Well done on the outside effort! Picked a good hill too by the look of it.
It looks like you’ve memorised the workout or done it off a cue sheet, rather than sent it to your bike computer. In this instance, upon association you’ll just score the levels allocated to the workout. TR isn’t currently set up to give a PL score to workouts done this way. But that doesn’t really matter anyway, you’ve sent your muscles & the ML a message.
Also with VO2max, it’s a unique zone with two possible outcomes… not necessarily at odds with one another. There’s the mildly suprathreshold but not full-anaerobic region of power output (muscular), & there’s the training of peak aerobic uptake (circulatory). I’ve seen coaches on here prescribe upwards of 120rpm in Z5 to train the latter.
Nice work on Eichorn +2. I usually find that one manageable if the FTP is set right, but the Bluetooth dropouts on Zwift can definitely kill the momentum during those sweet spot intervals. Glad to see the AI detection was actually accurate for you.
No, I did send it to my Garmin, I just wasn’t very good at meeting the targets it wanted, or at keeping power consistent ![]()
@downhiller you can assign / tag intervals after the fact in the TR app and website, as well as in just about every other sports tracking service (eg Training Peaks, Intervals.icu, Garmin Connect, etc).
Holding power zones outside is definitely a learned skill, but is also what makes outside workouts so enjoyable (at least from my perspective).
Had Ericsson +2 today. For some reason, this workout and I never get along, but today it was especially harsh to me!
I’m coming off of the endurance week and increased FTP, and I’ve been surprised by how high my heart rate has been for this week’s workouts. I reached 180bpm today, a value typically observed for vo2 max work!
Despite the elevated heart rate, I was feeling fatigued but ok by the end of the second to last interval. The last one was quite hard, so I rated very hard.
Didn’t get the best sleep last night, but I don’t think that would contribute so much to this result.
In any case, looking forward to Saturday’s threshold session.
I tried to do Muir today on my commute home from work…but I ran into an astronomical amount of unplanned ice on a trail I haven’t been in since last October and had to cut the workout 20 minutes short so I could walk a mile up the hill….still hit the TSS target and got full credit on the workout score, though, after finishing my ride home within the power target zone once I got past the ice! ![]()
This week Threshold workout was The Priest +5 and the AI lost money again.
These hard start workouts get so close to cracking me, I can’t believe that I finish the workout.

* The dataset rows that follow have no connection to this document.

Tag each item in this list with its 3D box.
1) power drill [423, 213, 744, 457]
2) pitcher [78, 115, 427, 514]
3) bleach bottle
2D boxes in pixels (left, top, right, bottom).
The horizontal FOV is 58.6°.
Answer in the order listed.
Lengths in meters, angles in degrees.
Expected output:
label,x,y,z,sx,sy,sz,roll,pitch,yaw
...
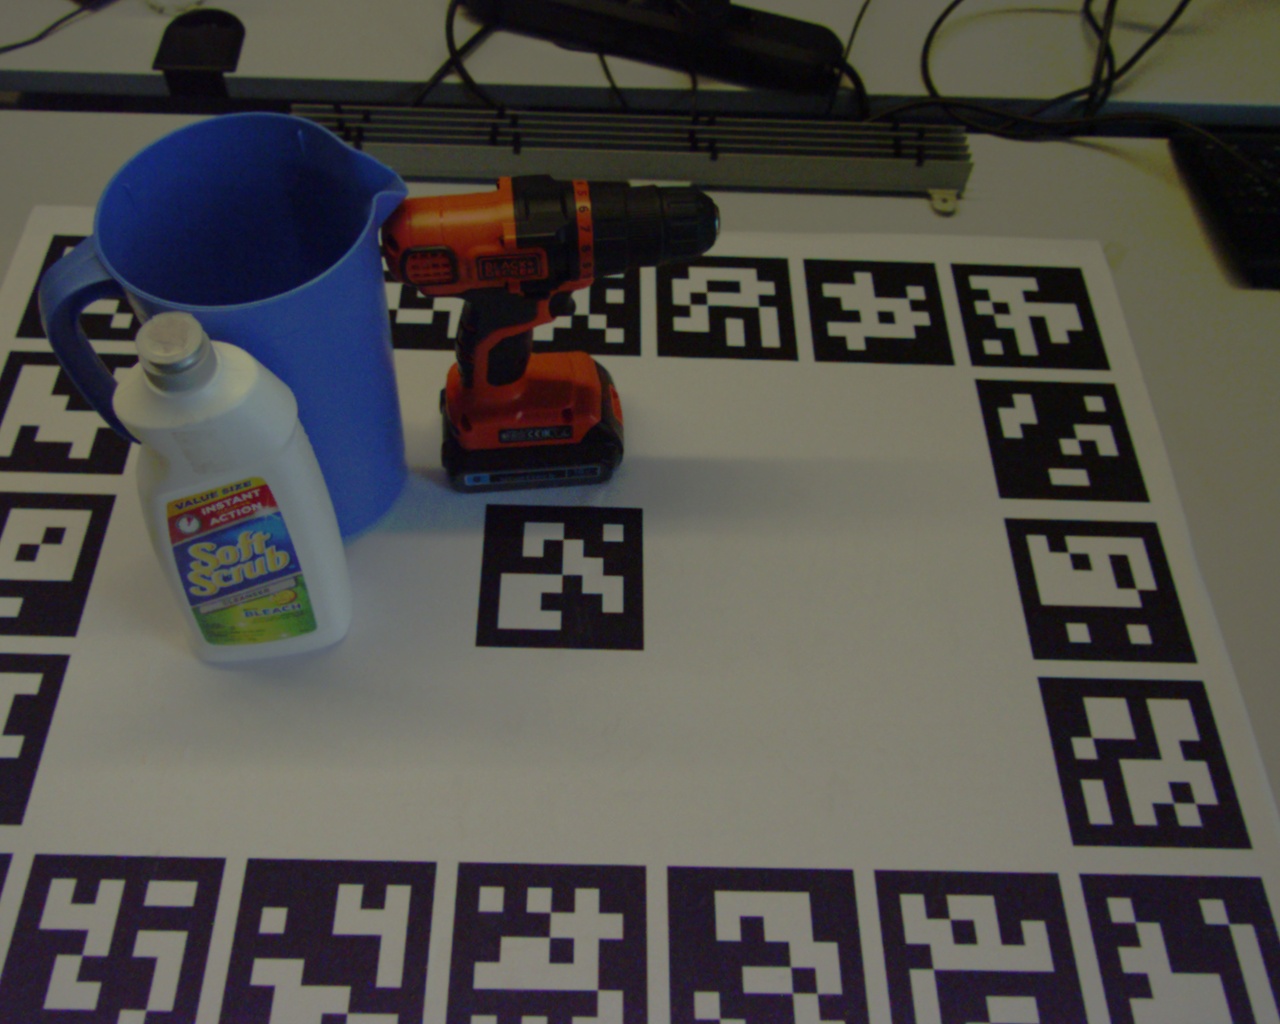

Gave it a Very Hard rating.
Next one is The Chimneys +5 if nothing changes.
Bounty today. Not feeling 100%, and rated this session very hard. I could not have completed another block of intervals. Improved power and cadence at approximately the same HR compared to the last session (AI FTP 299 vs “old” FTP 293) . I suffered though this one, but I’m pleased overall ![]()
Nice job on Bounty ![]()
Those workouts where you’re not at 100% gets me because you know that if all was normal it would have been just a Hard workout RPE wise.
The other screenshots is the from Interval ICU?
Thx @Kendogz161
I use the “can I complete another block/set of intervals without failing” scale to decide between hard and very-hard. Today I just wasn’t felling like it was possible
I rated the prior Bounty sessions hard.
Yes, those screenshots are from interval.ICU’s compare activities tool. Very helpful for tracking progress ![]()
Today I had Antelope +1, this was my last workout before a day off and my legs were feeling it after Friday’s Priest +5 workout.
After completing this one I see that I’m still getting trolled by the AI and out went The Chimneys +5 and back in come Lion Rock -4.
This is the one that I got rid of with the Very Hard rating after The Priest +5.